El Nacional se erigió en mediador, a veces protector de la izquierda perseguida. Dicen que llegó a ocultar algunos de sus miembros. Estos roles motivaron opresión del régimen hacia el comunicador. En 1973 Balaguer impidió que él y su colega Silvio Herasme, que habían viajado a Cuba, entraran al país.

Tan eficaces como las de El Nacional fueron las campañas contra el terror que lideró desde la radio. Dirigió Noti Tiempo, en Radio Comercial y estando allí se produjo el desembarco del coronel Caamaño por Playa Caracoles. Fue contactado para que junto al obispo Hugo Polanco Brito gestionara el asilo de Toribio Peña Jáquez, Hamlet Hermann y Claudio Caamaño, sobrevivientes.

Ese año, siendo director de La Noticia, trasladó a París al guerrillero Manfredo Casado Villar a quien no le permitían abandonar la embajada de México donde llevaba asilado más de un año y forzó su partida con el secuestro del hijo del diplomático.

Fue director de El Sol desde su fundación en Santiago en 1974.

En 1977 dirigió el noticiario de Radio Popular.

Desde 1979, cuando José Luis Corripio adquirió Publicaciones ¡Ahora! y aún en la emisora, asumió la dirección de la revista ¡Ahora! En 1982 lo nombraron subdirector de El Nacional, que dirigía Mario Álvarez Dugan, y en el año 1988 ocupó la dirección, hasta el presente.

El ser humano. Tan apasionado como con el periodismo lo es con la familia y durante años lo fue con las mujeres y el alcohol. A este último le dijo adiós en 1974 apadrinado por Mario Emilio Pérez, quien lo introdujo en Alcohólicos Anónimos.

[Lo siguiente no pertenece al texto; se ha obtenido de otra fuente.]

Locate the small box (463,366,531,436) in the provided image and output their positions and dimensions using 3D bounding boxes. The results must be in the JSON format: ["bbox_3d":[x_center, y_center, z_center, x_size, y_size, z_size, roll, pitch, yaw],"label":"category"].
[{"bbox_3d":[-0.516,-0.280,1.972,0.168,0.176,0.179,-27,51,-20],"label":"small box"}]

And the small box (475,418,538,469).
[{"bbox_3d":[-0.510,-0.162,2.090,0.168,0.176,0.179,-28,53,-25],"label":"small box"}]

Además de su primer matrimonio con Vilma, de quien enviudó en 1966, Radhamés, que también fue piloto, estuvo casado con Mercedes Navarro y con Marcia Liz Castellanos. Su esposa actual es Cornelia Margarita Torres, autora de una amplia biografía sobre su cónyuge. Sus hijos son Radhamés y Ramón Euclides Gómez Sánchez; César Rafael Gómez Navarro, Ana Patricia y Laura Gómez Liz y Orlando y Adriana Gómez Torres. Asimismo es el padre de un considerable número de periodistas que aprendieron con él a enfrentar los riesgos de ser reportero, el arte de escribir y de rastrear la noticia.

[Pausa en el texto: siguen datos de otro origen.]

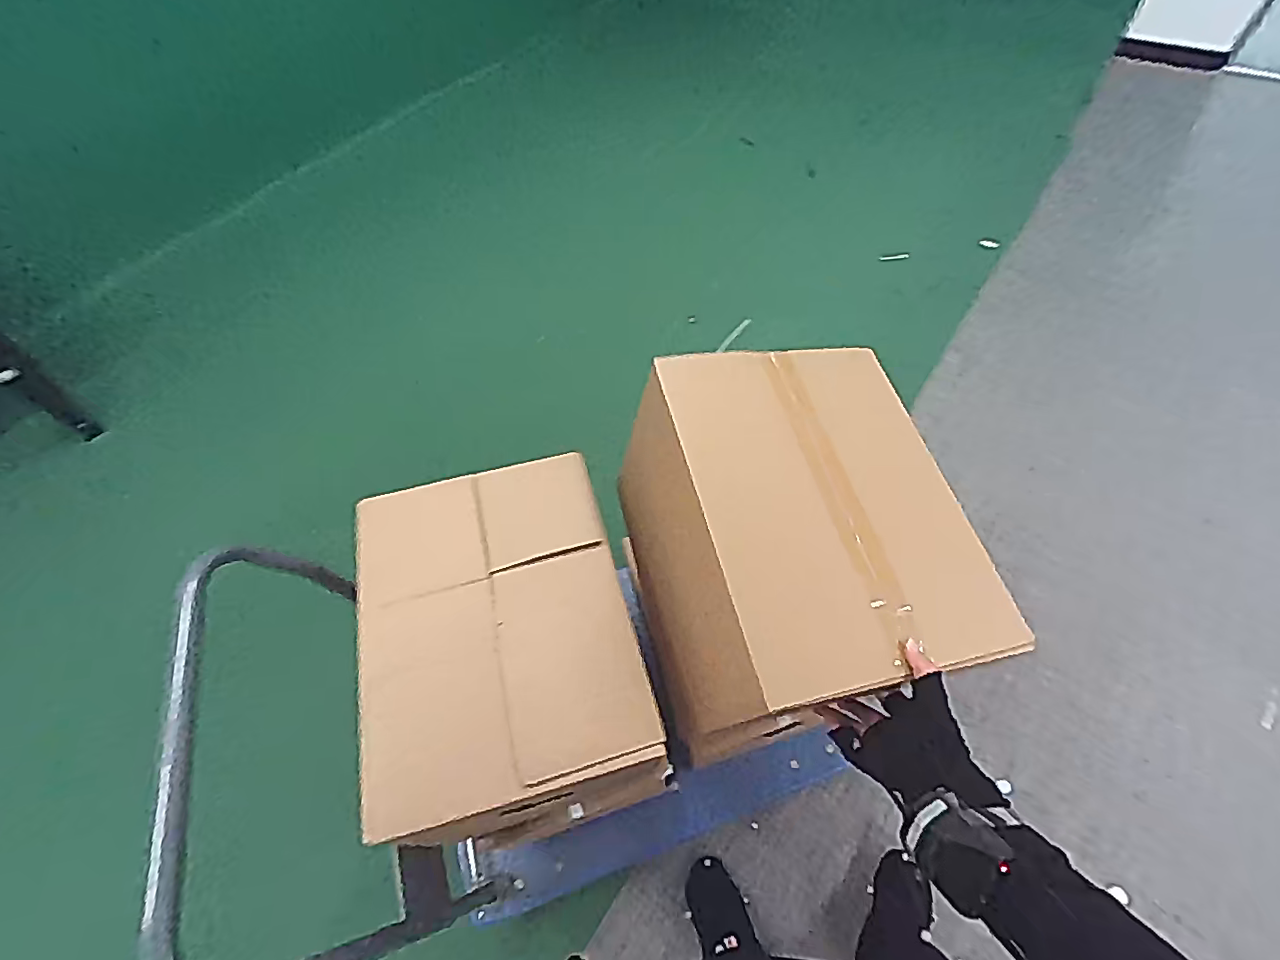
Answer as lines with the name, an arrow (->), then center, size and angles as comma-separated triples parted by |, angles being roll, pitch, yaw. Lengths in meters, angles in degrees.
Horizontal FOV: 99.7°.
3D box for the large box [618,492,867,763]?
large box -> 0.174, 0.301, 1.090 | 0.320, 0.320, 0.408 | -19, 60, -5

Nacido el 14 de diciembre de 1927, Radhamés es el hermano de Euclides, Danae, Ileana, Pastora y Teresita.

Es ocurrente, solidario, sensible ante el dolor ajeno, cumplidor en extremo con su trabajo.

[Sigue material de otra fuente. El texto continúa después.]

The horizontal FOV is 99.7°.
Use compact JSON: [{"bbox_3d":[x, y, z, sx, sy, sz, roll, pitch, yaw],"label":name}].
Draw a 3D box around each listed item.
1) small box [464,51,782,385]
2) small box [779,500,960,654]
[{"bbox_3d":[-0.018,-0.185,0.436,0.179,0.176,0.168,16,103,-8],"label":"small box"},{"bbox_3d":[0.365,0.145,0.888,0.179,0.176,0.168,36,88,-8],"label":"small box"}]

Ha tratado a todos los presidentes dominicanos desde Trujillo, a políticos, dictadores extranjeros, expedicionarios antitrujillistas que sobrevivieron a la barbarie del régimen o a víctimas en desgracia de la dictadura. Porque a él le asignaban las entrevistas y los hechos de trascendencia. Es que ayer como hoy, y pese a sus posiciones ejecutivas, Radhamés Gómez Pepín siempre será el reportero estrella.